Он узнал почти всех. Гарри, главного героя первого триллера Норманов, и Барнета, агента контрразведки из третьего романа. И Сэма Сэмюэльсона, несгибаемого полицейского, повидавшего слишком много безнаказанных убийств, а потому решившего подменить собой закон, и Вэнди, нетерпеливую молодую руководительницу отдела, выследившую банду продавцов наркотиков по несоответствию в телефонном счете. Но ни Джеймса, ни Майкла, ни Мэри среди них не было.

Норман вытащил одно из описаний и, приняв его за образец, стал настукивать на машинке все, что знал о своих неуловимых персонажах.

Ярость охватила Нормана, когда он начал с Джеймса. Этот сукин сын, шеф отдела, убийца под личиной государственного чиновника. У него, как у какого-нибудь террориста, всегда с собой пистолет 38-го калибра. Его седые, безукоризненно ухоженные волосы изысканного джентльмена к концу повествования уже вызывали отвращение.

Опустошенный, изнуренный, казалось бы, чужими воспоминаниями, Норман, тем не менее, продолжал.

Майкла описать было труднее. У него не было фамилии, и Норману не удалось представить цвет его глаз. Майкл любил кондитерские магазины и футбол, у него был старый, разбитый автомобиль, некогда ярко-зеленый, а теперь серый и блеклый. Он родился в июне под знаком Близнецов, и именно поэтому, как часто говаривал Майкл, ел за двоих. Он был разведен, Норман даже вспомнил имя его бывшей жены — Кристина — и имел двух детей — Майкла-младшего десяти лет, и Конни восьми. Слезы блеснули на глазах Нормана, когда он отпечатал слова Майкла: «Я никогда не жалел, что у меня есть дети. Когда они появляются на свет, ты с удивлением узнаешь, что в твоем сердце стало больше места. И прежняя пустота заполняется любовью».

Описывая Майкла, Норман понял, что скучает по нему, чертовски скучает.

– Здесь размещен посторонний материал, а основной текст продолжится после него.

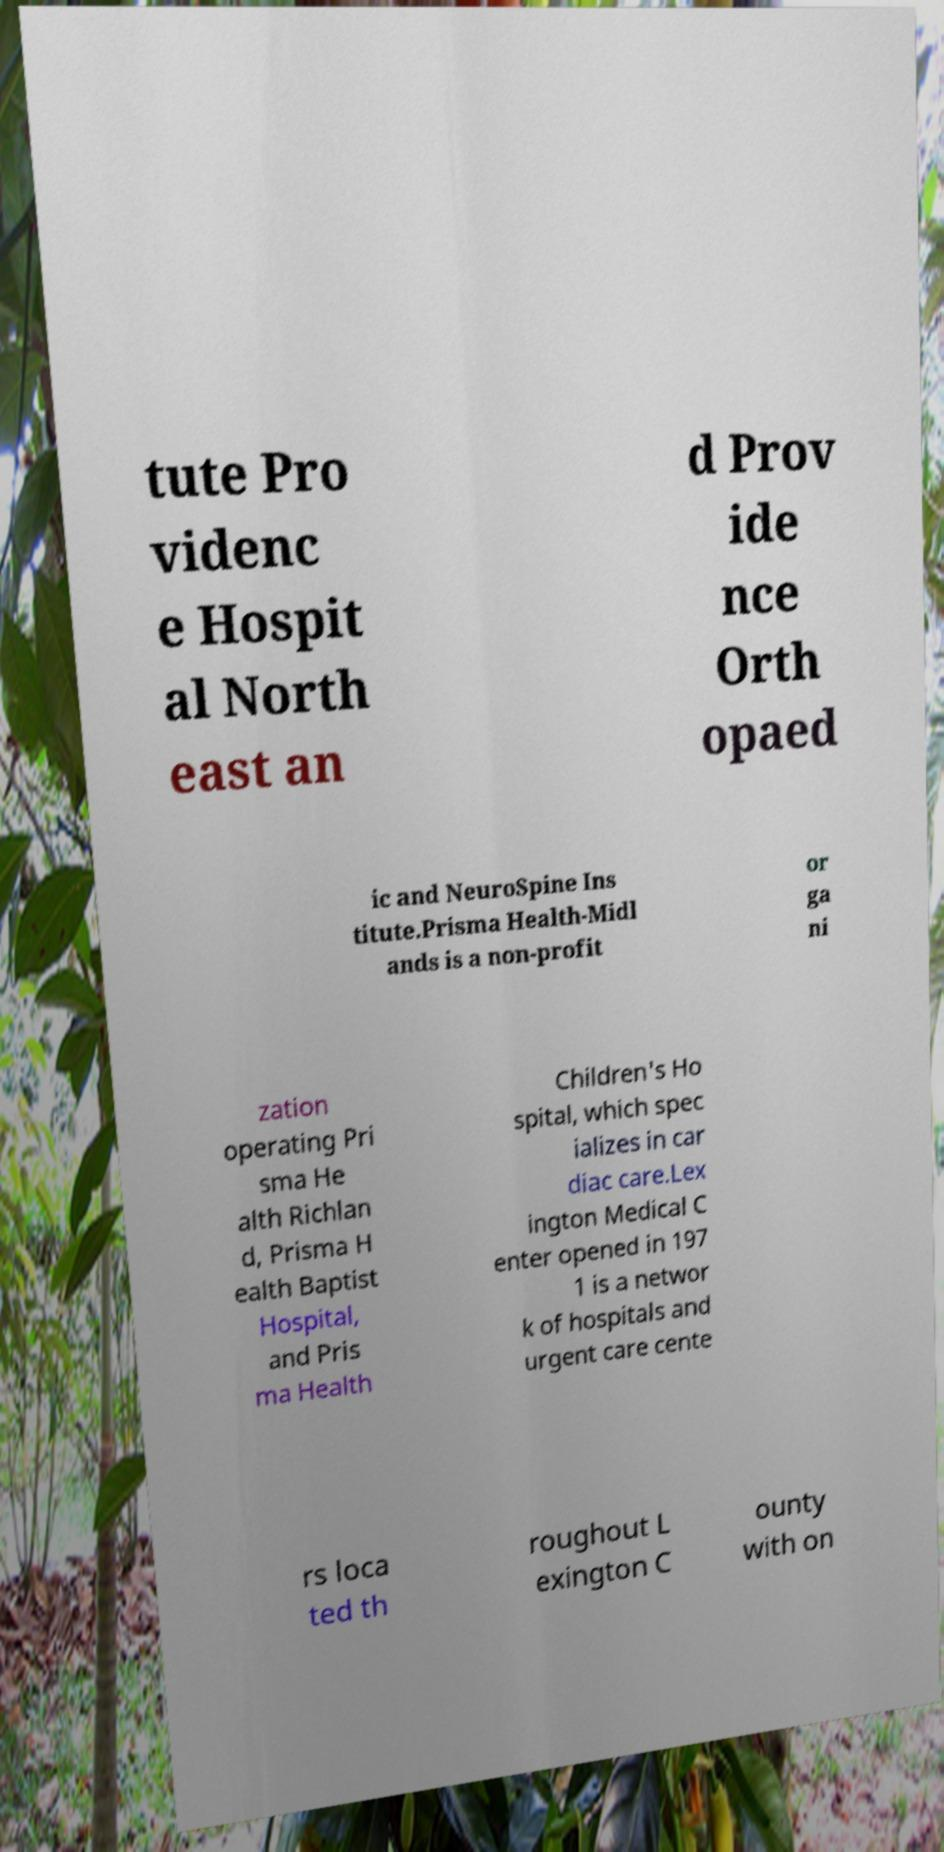Can you read and provide the text displayed in the image?This photo seems to have some interesting text. Can you extract and type it out for me? tute Pro videnc e Hospit al North east an d Prov ide nce Orth opaed ic and NeuroSpine Ins titute.Prisma Health-Midl ands is a non-profit or ga ni zation operating Pri sma He alth Richlan d, Prisma H ealth Baptist Hospital, and Pris ma Health Children's Ho spital, which spec ializes in car diac care.Lex ington Medical C enter opened in 197 1 is a networ k of hospitals and urgent care cente rs loca ted th roughout L exington C ounty with on

Наконец он заставил себя перейти к Мэри. Одно только упоминание ее имени причиняло боль. Мэри. Милая нежная Мэри, улыбчивая девочка, которая озаряла светом жизнь своих родителей. Фея-шалунья, рано вышедшая замуж и рано умершая. Когда болезнь убила Мэри, казалось, солнце закатилось вместе с ней. Все знакомые любили ее. Каждый, кто говорил с ней, смеялся. Люди словно становились красивее и лучше после встречи с Мэри. Когда рак отнял ее красоту, она держала руку мужа и просила не плакать о ней. Уверяла, что прожила свою жизнь, наслаждаясь каждой минутой. Она не сможет вынести, повторяла Мэри, если он когда-нибудь пожалеет о прошлом.

— О, Мэри, — прошептал Норман, видя перед собой не лист бумаги, а больничную палату, пропахшую аммиаком, и бледную, тонкую тень на постели, состарившуюся от страданий. Его плечи сотрясали рыдания, которые уже невозможно было сдержать.

— О, боже… — молил он. — Не дай мне сойти с ума. Верни мне память. Но я не хочу вспоминать это. Не надо. Я не хочу, чтобы это была моя жизнь.

Он закрыл лицо руками, и слезы потекли меж пальцев.

— Боже! Дай мне Викторию. Дай мне хоть что-нибудь, только не это, — закричал он. — Я не смогу этого вынести.

9

Виктория оторвала взгляд от книги. Последний луч солнца внезапно погас, и только что ярко сверкавшая гладь залива стала непроницаемо черной. Виктория посмотрела на недопитый стакан вина и тряхнула головой. То ли от длительного сидения на табурете, то ли от сегодняшних необычных приключений ее плечи ныли, а тело казалось негнущимся и чужим.

Книга не разрешила ее сомнений. Виктория — лишь мостик между прошлым и будущим Нормана, как выяснилось, не имела права расспрашивать его, копаться в чужой жизни. К нему должна была вернуться его собственная память. Только он сам мог себе помочь. Но как? Книга по психологии не давала на это прямой ответ.

Виктория оправила платье, распрямила плечи, пытаясь подготовиться к предстоящему испытанию.

Сейчас или никогда, решительно сказала она себе, отбрасывая прочь все колебания.

Вопреки совету Джека она признается Норману, что он вовсе не ее муж, что он не может быть писателем Норманом Генри хотя бы потому, что такого человека вообще не существует. Наконец, объяснит ему, кем он, по ее мнению, может быть на самом деле. Она молилась только о том, чтобы ей удалось сообщить обо всем как можно мягче и тактичнее.

В надежде, что разговор изменит все к лучшему, Виктория резко толкнула дверь и по темному коридору прошла в кабинет. Открыв дверь без стука, она замерла на пороге, невольно прижав пальцы к губам. Ее сердце сжалось от боли и сострадания.